** WORK REQUEST **
The word "Answer" occurs in some lines of the data. Return each such line.

** INPUT MATERIAL **

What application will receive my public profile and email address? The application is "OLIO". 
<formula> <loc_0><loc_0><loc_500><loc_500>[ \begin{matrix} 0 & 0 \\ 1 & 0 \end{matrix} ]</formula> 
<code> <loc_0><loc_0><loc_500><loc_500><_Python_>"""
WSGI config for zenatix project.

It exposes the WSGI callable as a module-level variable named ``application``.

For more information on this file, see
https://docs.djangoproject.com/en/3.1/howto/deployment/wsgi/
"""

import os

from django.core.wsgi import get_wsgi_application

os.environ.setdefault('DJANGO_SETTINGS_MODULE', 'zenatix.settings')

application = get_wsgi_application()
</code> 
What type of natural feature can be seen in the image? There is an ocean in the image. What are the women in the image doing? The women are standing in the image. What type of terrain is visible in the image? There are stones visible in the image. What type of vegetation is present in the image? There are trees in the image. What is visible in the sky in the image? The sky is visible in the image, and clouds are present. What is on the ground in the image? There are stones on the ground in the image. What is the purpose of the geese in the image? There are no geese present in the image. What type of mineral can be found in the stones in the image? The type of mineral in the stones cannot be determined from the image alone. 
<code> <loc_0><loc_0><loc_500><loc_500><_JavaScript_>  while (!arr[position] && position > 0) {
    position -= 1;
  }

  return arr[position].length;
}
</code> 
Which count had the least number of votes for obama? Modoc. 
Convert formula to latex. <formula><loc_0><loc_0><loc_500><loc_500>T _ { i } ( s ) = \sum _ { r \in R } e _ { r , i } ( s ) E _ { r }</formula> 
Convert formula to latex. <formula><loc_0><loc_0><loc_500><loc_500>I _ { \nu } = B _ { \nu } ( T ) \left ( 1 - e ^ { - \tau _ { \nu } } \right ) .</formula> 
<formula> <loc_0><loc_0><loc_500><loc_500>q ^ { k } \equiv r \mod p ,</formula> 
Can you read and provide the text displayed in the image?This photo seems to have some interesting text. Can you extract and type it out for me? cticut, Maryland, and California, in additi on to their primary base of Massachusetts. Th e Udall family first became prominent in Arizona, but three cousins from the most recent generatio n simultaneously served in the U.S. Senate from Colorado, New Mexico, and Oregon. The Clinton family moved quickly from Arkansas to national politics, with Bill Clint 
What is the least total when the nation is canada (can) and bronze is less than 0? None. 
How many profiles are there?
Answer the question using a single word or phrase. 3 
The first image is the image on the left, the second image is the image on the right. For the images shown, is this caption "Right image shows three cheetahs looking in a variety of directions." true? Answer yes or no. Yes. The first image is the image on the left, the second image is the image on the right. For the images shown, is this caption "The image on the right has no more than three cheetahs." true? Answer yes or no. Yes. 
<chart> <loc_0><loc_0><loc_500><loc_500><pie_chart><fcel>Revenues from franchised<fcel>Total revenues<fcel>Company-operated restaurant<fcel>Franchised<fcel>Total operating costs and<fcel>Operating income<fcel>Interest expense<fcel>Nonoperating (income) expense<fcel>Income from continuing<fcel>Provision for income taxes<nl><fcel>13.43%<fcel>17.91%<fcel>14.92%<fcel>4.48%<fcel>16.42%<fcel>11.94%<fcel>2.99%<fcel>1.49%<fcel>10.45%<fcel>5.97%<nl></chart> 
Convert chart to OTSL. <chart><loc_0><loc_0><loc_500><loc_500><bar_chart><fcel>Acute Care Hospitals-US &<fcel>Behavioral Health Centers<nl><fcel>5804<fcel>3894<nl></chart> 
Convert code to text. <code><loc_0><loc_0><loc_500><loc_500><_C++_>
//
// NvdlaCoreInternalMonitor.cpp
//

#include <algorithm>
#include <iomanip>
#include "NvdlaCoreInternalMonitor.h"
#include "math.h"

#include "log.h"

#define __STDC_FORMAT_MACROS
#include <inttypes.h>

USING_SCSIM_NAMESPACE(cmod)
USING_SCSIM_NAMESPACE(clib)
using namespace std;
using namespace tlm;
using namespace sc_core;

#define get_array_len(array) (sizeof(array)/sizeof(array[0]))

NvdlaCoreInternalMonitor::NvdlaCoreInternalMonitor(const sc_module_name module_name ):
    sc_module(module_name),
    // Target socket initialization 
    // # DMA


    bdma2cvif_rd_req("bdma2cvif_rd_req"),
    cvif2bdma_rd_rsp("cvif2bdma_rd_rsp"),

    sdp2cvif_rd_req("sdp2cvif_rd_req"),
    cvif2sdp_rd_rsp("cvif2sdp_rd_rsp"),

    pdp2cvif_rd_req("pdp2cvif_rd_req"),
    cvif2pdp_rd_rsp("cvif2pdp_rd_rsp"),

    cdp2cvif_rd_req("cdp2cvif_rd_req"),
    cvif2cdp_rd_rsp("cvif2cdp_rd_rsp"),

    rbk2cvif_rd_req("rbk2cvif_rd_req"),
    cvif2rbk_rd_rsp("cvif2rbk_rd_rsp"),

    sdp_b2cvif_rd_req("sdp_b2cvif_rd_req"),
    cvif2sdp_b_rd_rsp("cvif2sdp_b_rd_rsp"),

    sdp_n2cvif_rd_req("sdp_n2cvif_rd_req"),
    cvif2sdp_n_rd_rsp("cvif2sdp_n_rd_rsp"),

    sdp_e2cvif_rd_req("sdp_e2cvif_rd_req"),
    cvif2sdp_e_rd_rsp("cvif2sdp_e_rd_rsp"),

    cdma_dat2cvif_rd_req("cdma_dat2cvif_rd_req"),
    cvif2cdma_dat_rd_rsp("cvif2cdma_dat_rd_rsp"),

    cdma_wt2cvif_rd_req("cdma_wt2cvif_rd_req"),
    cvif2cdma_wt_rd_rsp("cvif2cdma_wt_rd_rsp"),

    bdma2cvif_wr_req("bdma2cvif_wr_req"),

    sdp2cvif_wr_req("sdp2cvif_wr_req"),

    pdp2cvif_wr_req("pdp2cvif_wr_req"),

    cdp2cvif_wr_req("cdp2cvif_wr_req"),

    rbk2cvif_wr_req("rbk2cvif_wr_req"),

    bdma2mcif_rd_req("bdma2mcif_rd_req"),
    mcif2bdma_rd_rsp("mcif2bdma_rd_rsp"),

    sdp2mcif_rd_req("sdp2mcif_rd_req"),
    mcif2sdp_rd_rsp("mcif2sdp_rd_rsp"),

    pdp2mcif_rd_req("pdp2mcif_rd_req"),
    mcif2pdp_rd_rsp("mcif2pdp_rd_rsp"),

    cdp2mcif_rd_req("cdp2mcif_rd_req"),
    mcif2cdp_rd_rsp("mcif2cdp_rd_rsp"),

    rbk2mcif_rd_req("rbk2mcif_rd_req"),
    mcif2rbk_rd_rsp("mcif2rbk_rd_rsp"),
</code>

** EXERCISE RESULT **
Answer the question using a single word or phrase. 3 
The first image is the image on the left, the second image is the image on the right. For the images shown, is this caption "Right image shows three cheetahs looking in a variety of directions." true? Answer yes or no. Yes. The first image is the image on the left, the second image is the image on the right. For the images shown, is this caption "The image on the right has no more than three cheetahs." true? Answer yes or no. Yes. 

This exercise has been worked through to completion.